● **REQUIRED WORK**: The job is to output each record exactly as it stands, pictures excluded.

● **EXTRACTED INFORMATION**:

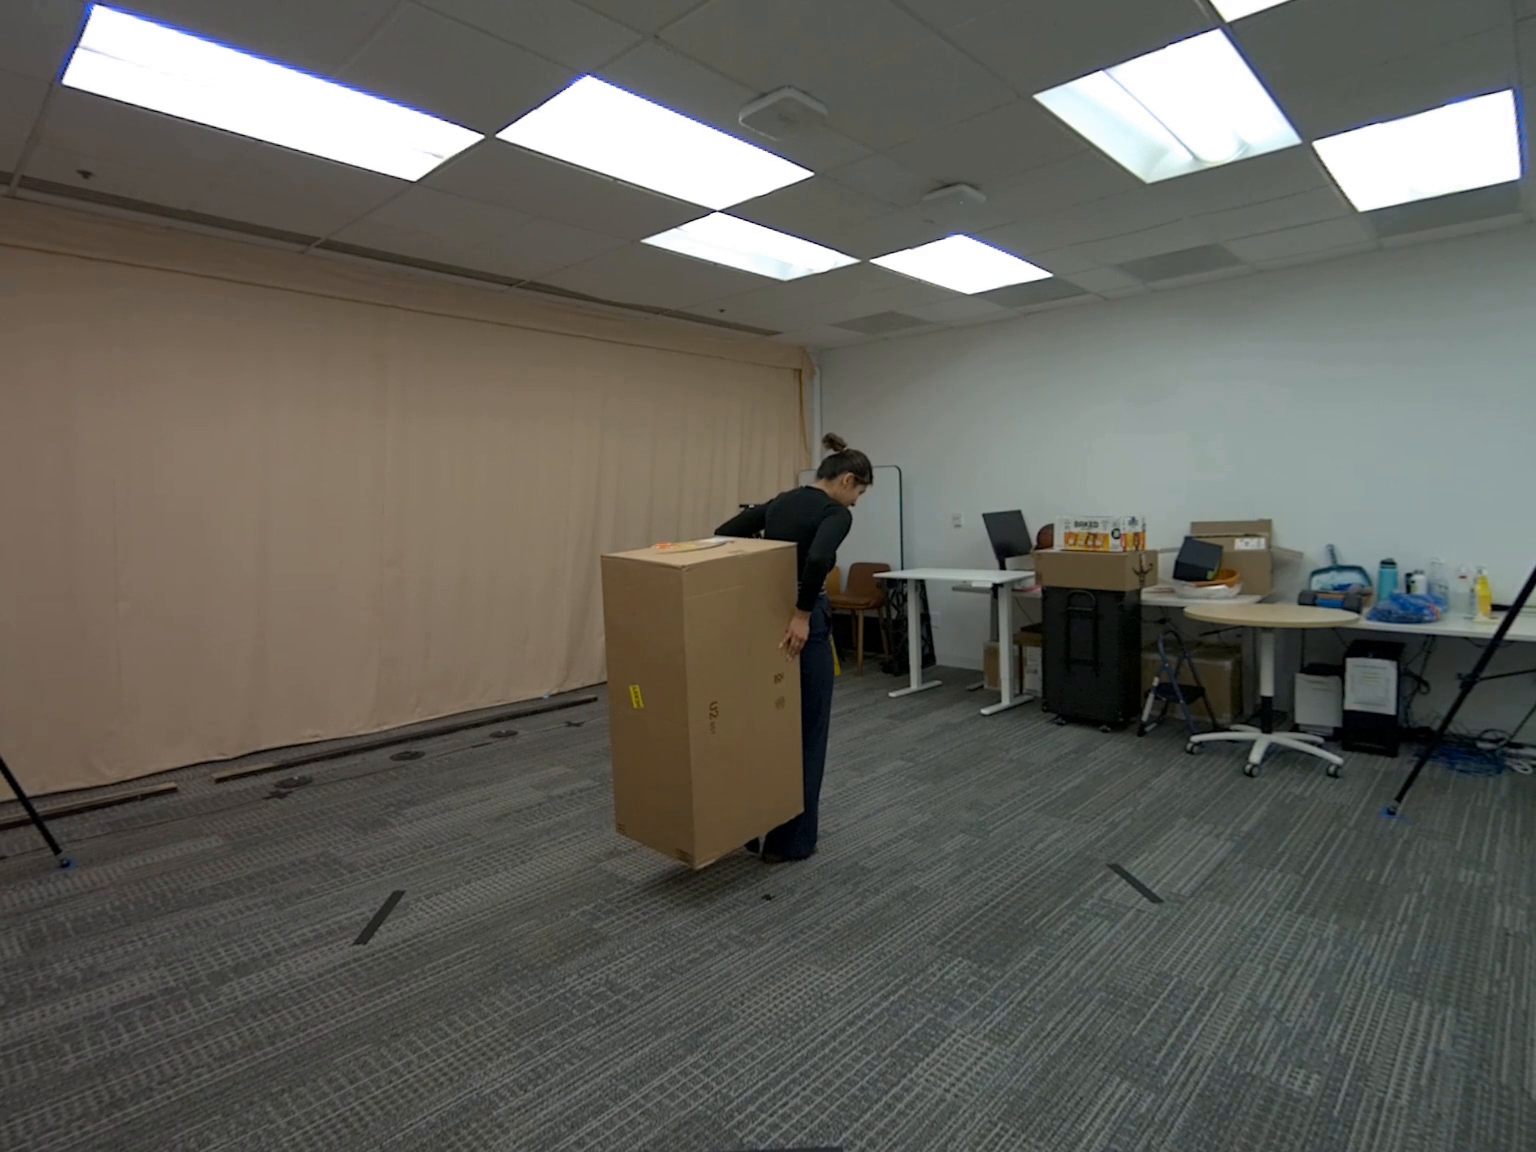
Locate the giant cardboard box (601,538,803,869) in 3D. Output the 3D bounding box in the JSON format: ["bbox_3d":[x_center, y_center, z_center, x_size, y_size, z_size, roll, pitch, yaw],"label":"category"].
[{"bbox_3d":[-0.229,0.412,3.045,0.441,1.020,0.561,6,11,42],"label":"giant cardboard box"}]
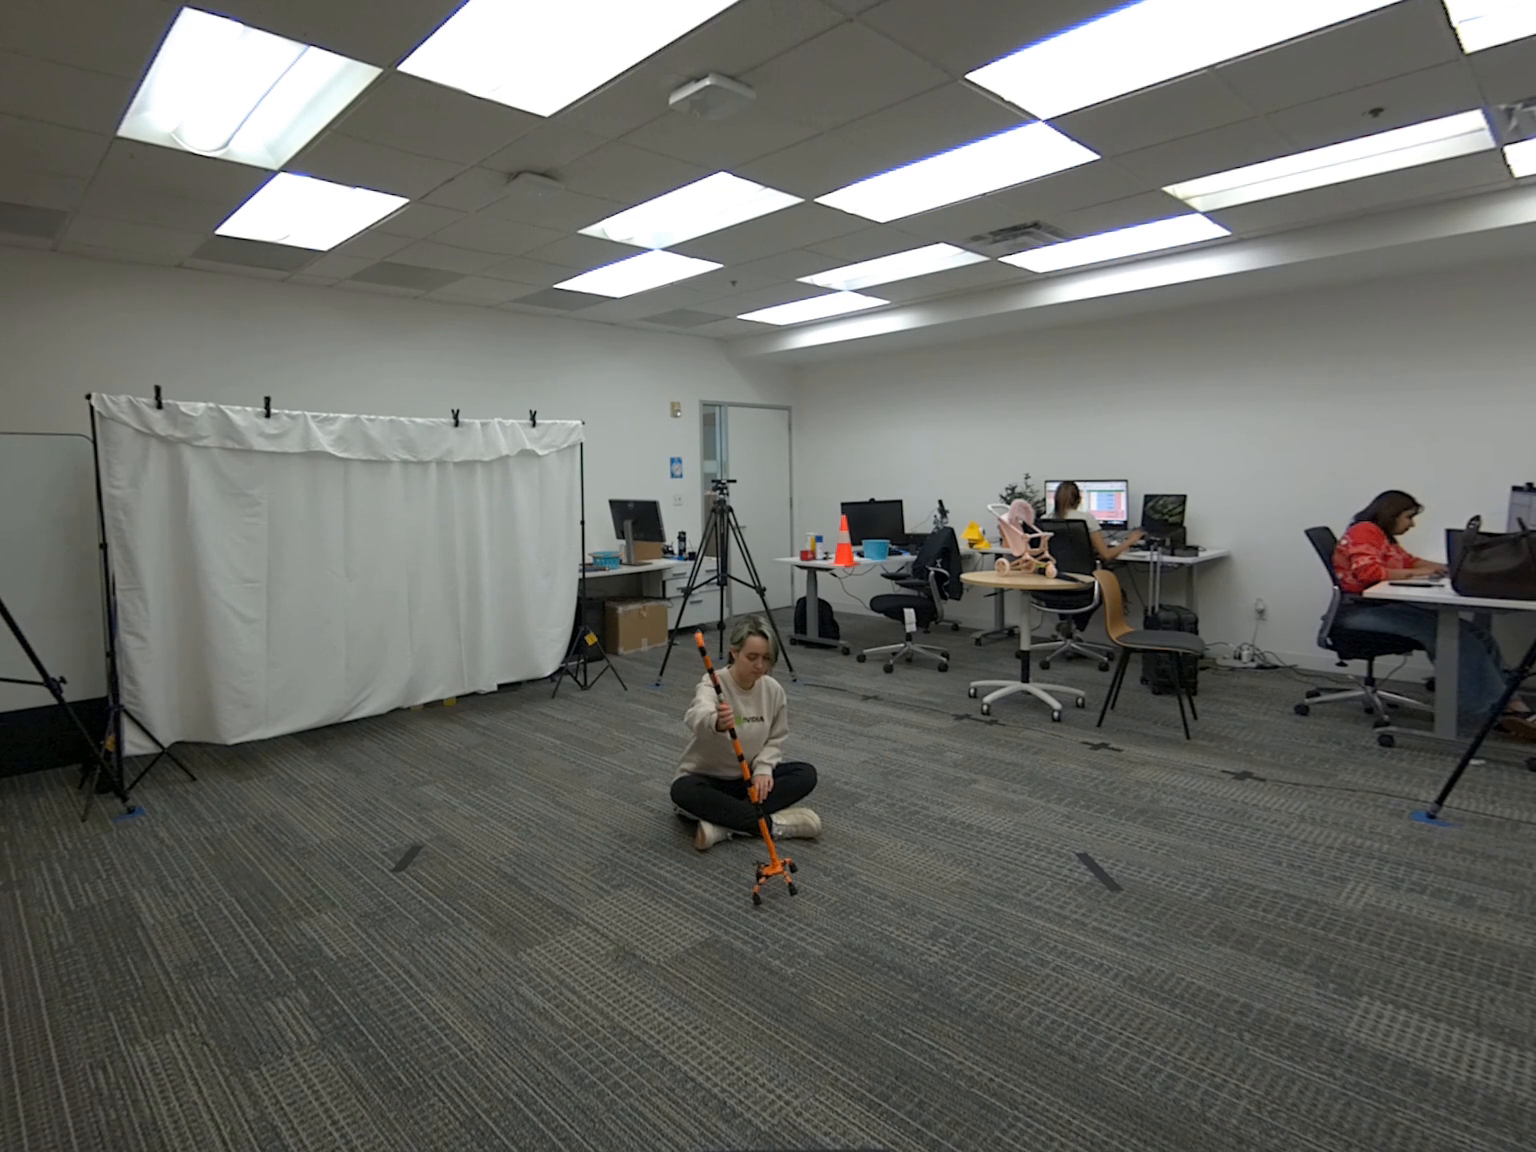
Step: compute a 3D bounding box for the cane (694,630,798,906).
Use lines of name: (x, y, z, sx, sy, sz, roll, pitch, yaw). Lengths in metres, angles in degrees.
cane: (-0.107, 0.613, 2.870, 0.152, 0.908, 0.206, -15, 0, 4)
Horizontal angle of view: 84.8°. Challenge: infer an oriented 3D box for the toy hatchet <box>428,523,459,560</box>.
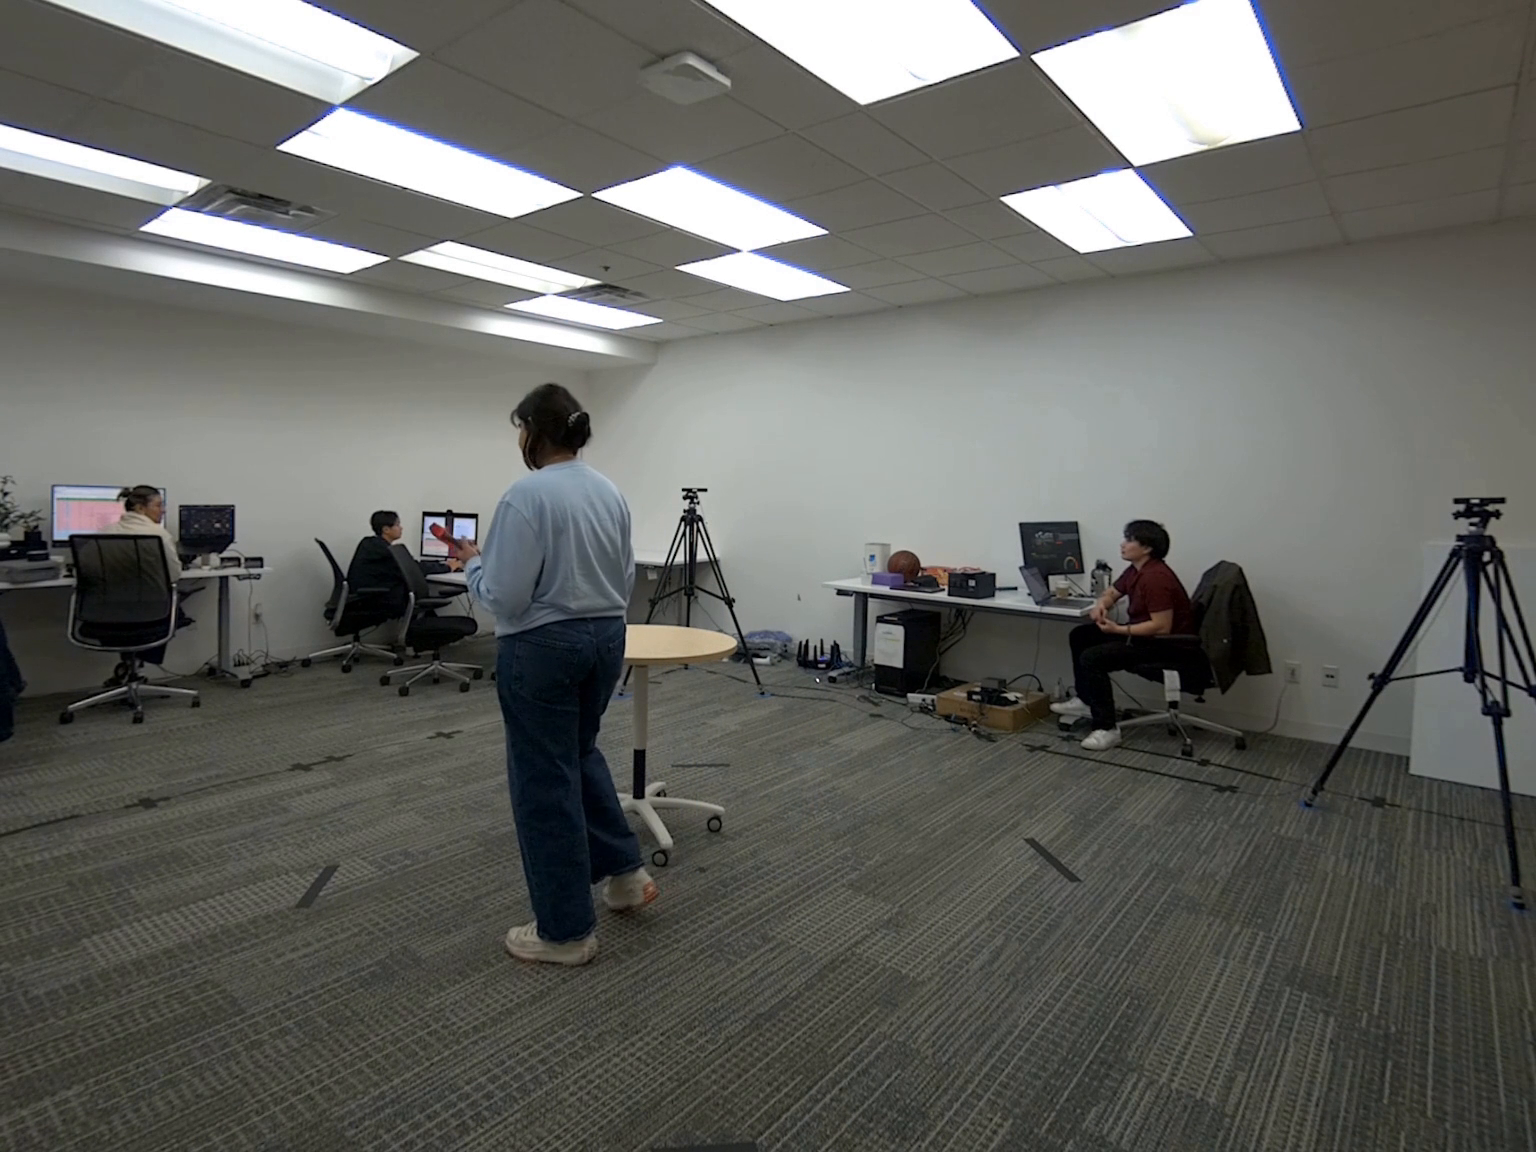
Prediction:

● **ANSWER TO THE PROBLEM**:
Locate the giant cardboard box (601,538,803,869) in 3D. Output the 3D bounding box in the JSON format: ["bbox_3d":[x_center, y_center, z_center, x_size, y_size, z_size, roll, pitch, yaw],"label":"category"].
[{"bbox_3d":[-0.229,0.412,3.045,0.441,1.020,0.561,6,11,42],"label":"giant cardboard box"}]
Step: compute a 3D bounding box for the cane (694,630,798,906).
Use lines of name: (x, y, z, sx, sy, sz, roll, pitch, yaw). Lengths in metres, angles in degrees.
cane: (-0.107, 0.613, 2.870, 0.152, 0.908, 0.206, -15, 0, 4)
Horizontal angle of view: 84.8°. Challenge: infer an oriented 3D box for the toy hatchet <box>428,523,459,560</box>.
Prediction:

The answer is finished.